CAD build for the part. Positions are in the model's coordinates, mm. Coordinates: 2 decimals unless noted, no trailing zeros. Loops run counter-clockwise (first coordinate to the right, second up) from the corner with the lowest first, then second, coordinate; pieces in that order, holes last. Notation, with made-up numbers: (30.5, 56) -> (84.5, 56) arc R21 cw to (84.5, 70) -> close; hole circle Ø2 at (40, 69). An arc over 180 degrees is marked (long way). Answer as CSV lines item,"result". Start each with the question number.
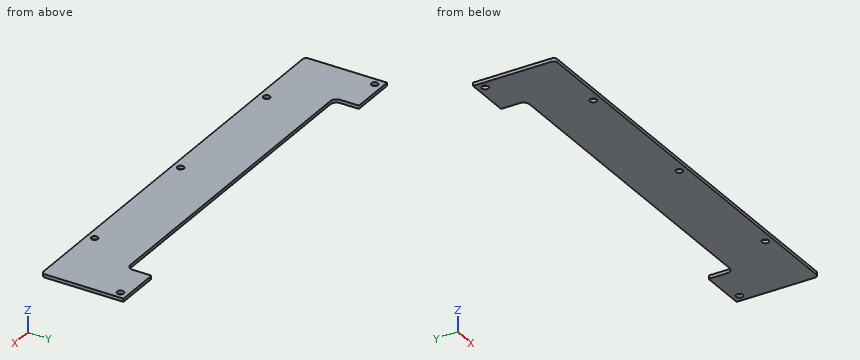
from build123d import *

# Parameters (mm, degrees)
F0_W     = 224.7782652
F0_H     = 43.0059846
F0_R     = 1.7272
F1_DEPTH = 1.70942
F2_R     = 1.98374
F3_W     = 176.9053931614
F3_H     = 12.9915969446
F4_DEPTH = 1.70942
F5_R     = 3.175
F6_R     = 0.762


with BuildPart() as f1:
    # F0 (on Top) → F1 (new body)
    with BuildSketch(Plane.XY):
        with Locations((112.3891326, -21.5029923)):
            Rectangle(F0_W, F0_H)
        with Locations((39.0372346, -39.0372346)):
            Circle(F0_R, mode=Mode.SUBTRACT)
        with Locations((112.3891326, -39.0372346)):
            Circle(F0_R, mode=Mode.SUBTRACT)
        with Locations((185.7410306, -39.0372346)):
            Circle(F0_R, mode=Mode.SUBTRACT)
        with Locations((3.96875, -3.96875)):
            Circle(F0_R, mode=Mode.SUBTRACT)
        with Locations((220.8095152, -3.96875)):
            Circle(F0_R, mode=Mode.SUBTRACT)
    extrude(amount=F1_DEPTH)

    # F2
    f2_edges = [f1.edges().sort_by_distance(p)[0] for p in [
        (0, -43.005985, 0.85471),
        (224.778265, -43.005985, 0.85471),
    ]]
    fillet(f2_edges, radius=F2_R)

    # F3 (on face) → F4 (cut, through all)
    with BuildSketch(Plane.XY.offset(1.70942)):
        with Locations((112.3891326, -6.4957984723)):
            Rectangle(F3_W, F3_H)
    extrude(amount=-F4_DEPTH, mode=Mode.SUBTRACT)

    # F5
    f5_edges = [f1.edges().sort_by_distance(p)[0] for p in [
        (200.841829, -12.991597, 0.85471),
        (23.936436, -12.991597, 0.85471),
    ]]
    fillet(f5_edges, radius=F5_R)

    # F6
    f6_edges = [f1.edges().sort_by_distance(p)[0] for p in [
        (23.936436, 0, 0.85471),
        (200.841829, 0, 0.85471),
    ]]
    fillet(f6_edges, radius=F6_R)


solid = f1.part
Item 1: Saw through at A-A (z = 0.55). Write the cut outline in (x, y) (3 decimals).
Item 2: Saw through at B-B (x = 62.5). Write the cut outline in (y, z), plus the area to 3 significant figures.
Item 3: Flat gauge pins, fed straight in: pin 1 Ø5 at (x, y) = (111.5, -8) entering from +Z; pin 2 Ø3 at (x, y) = (132.5, -20.5) entering from -Z; pin 3 Ø0.5 at (x, z) = (121.5, 0.5) entering from +Y. Where does each tip first touch, or does it go through?
Item 4: Wall check: probe 1 along X at (y, z) = (-6.5, 0.4); probe 2 along X at (y, z) = (-39.5, 1.25); probe 3 along Y at (x, z) = (103, 0.65). Give the ranges that are in metal, low to high.
Geometry check:
1,outline,"(0, -41.022) arc R1.984 ccw to (1.984, -43.006) -> (222.795, -43.006) arc R1.984 ccw to (224.778, -41.022) -> (224.778, 0) -> (201.604, 0) arc R0.762 ccw to (200.842, -0.762) -> (200.842, -9.817) arc R3.175 cw to (197.667, -12.992) -> (27.111, -12.992) arc R3.175 cw to (23.936, -9.817) -> (23.936, -0.762) arc R0.762 ccw to (23.174, 0) -> (0, 0) -> close; hole circle Ø3.454 at (3.969, -3.969); hole circle Ø3.454 at (39.037, -39.037); hole circle Ø3.454 at (112.389, -39.037); hole circle Ø3.454 at (185.741, -39.037); hole circle Ø3.454 at (220.81, -3.969)"
2,outline,"(-43.01, 0) -> (-12.99, 0) -> (-12.99, 1.71) -> (-43.01, 1.71) -> close"
2,area,"51.3 mm2"
3,pin 1,"through"
3,pin 2,"z = 0"
3,pin 3,"y = -12.99"
4,probe 1,"0 to 23.94, 200.84 to 224.78"
4,probe 2,"0 to 37.37, 40.7 to 110.73, 114.05 to 184.08, 187.41 to 224.78"
4,probe 3,"-43.01 to -12.99"
Can you work these out from the model? Positions are in its coordinate system, mm. Round coordinates to 2 decimals unless told otherwise and drop trailing zeros. Loops run counter-clockwise (first coordinate to the right, second up) from the corner with the lowest first, then second, coordinate; pieces in that order, holes last. Notation, with made-up numbers: M -39,79.25 L 2,79.25 A10 cw 2,90.25 Z; hole C 51,27 d5. An arc over 180 degrees is marked long. Return JSON: item names as keys, results as strings.
```python
from build123d import *

# Parameters (mm, degrees)
BOSS_EXTRUDE1_DEPTH = 5
SKETCH2_R           = 2
CUT_EXTRUDE1_DEPTH  = 5


with BuildPart() as part:
    # Sketch1 → Boss-Extrude1 (new body)
    with BuildSketch(Plane(origin=(0, 0, 0), x_dir=(1, 0, 0), z_dir=(0, 1, 0))):
        Polygon((9.270509831, -12.759762125), (15, -4.873795443), (15, 4.873795443), (9.270509831, 12.759762125), (0, 15.771933364), (-9.270509831, 12.759762125), (-15, 4.873795443), (-15, -4.873795443), (-9.270509831, -12.759762125), (0, -15.771933364), align=None)
    extrude(amount=BOSS_EXTRUDE1_DEPTH)

    # Sketch2 → Cut-Extrude1 (cut)
    with BuildSketch(Plane(origin=(0, 5, 0), x_dir=(1, 0, 0), z_dir=(0, 1, 0))):
        Circle(SKETCH2_R)
        with Locations((9.303695435, 6.759530401)):
            Circle(SKETCH2_R)
    extrude(amount=-CUT_EXTRUDE1_DEPTH, mode=Mode.SUBTRACT)


solid = part.part
```
Q1. Suppose I cut it at B-B, the plane y = 3.3. Please give me the cut outline in (x, z).
Results:
{"outline": "M -15,-4.87 L -9.27,-12.76 L 0,-15.77 L 9.27,-12.76 L 15,-4.87 L 15,4.87 L 9.27,12.76 L 0,15.77 L -9.27,12.76 L -15,4.87 Z; hole C 0,0 d4; hole C 9.3,-6.76 d4"}
Q2. I'm going to push flat-ended pins straight in: pin 1 Ø2 at (y, z) = (1, 6) entering from +X; pin 2 Ø2.5 at (x, z) = (9.3, -6.76) entering from +Y; pin 3 Ø2 at (x, y) = (-11, 1.5) entering from -Z; pin 4 Ø3 at (y, z) = (2, 12) entering from +X. Where does each tip first touch, or does it pass through?
Results:
{"pin 1": "stops at x = 14.91", "pin 2": "passes through", "pin 3": "stops at z = -11.76", "pin 4": "stops at x = 10.91"}
Q3. Suppose I cut it at D-D, the plane z = 14. Please give me the cut outline in (x, y), plus the area to 3 significant figures.
Results:
{"outline": "M -5.45,0 L 5.45,0 L 5.45,5 L -5.45,5 Z", "area": "54.5 mm2"}
Q4. Suppose I cut it at A-A, the plane z = 0. Please give me the cut outline in (x, y), plus the area to 3 significant figures.
Results:
{"outline": "M -15,0 L -2,0 L -2,5 L -15,5 Z; M 2,0 L 15,0 L 15,5 L 2,5 Z", "area": "130 mm2"}
Q5. Suppose I cut it at C-C, the plane x = -11. Please give me the cut outline in (y, z).
Results:
{"outline": "M 0,-10.38 L 5,-10.38 L 5,10.38 L 0,10.38 Z"}
Q6. If I drill on line 1 along X through (y, z) = (2.4, 0); line 2 along X through (y, z) = (2.2, -5.5); line 3 along Z through (x, y) = (10, 4.85), over which ranges is the centre line in solid material (lowest first)?
Results:
{"line 1": "x = -15 to -2, 2 to 15", "line 2": "x = -14.55 to 7.75, 10.86 to 14.55", "line 3": "z = -11.76 to -8.63, -4.88 to 11.76"}
Q7. Thinking about a two-plate mould opening in X: for faces 1 (the cylindrical face through (0, 3, 2)), 2 (the flat face through (-12, 2, 9)), 3 (the flat face through (4.7, 2.465, -14.245)), which applies, pulls with the +X half, pulls with the -X half, needs draft (parallel to the pull), parting line crosses it, or undercut?
Results:
{"face 1": "undercut", "face 2": "pulls with the -X half", "face 3": "pulls with the +X half"}
================
#### Task details:
Would you please copy, word for word, everything above from the line containing "Q4. Suppose I" down to the line containing "-15,0 L -2,0", those two lines included?

#### Task output:
Q4. Suppose I cut it at A-A, the plane z = 0. Please give me the cut outline in (x, y), plus the area to 3 significant figures.
Results:
{"outline": "M -15,0 L -2,0 L -2,5 L -15,5 Z; M 2,0 L 15,0 L 15,5 L 2,5 Z", "area": "130 mm2"}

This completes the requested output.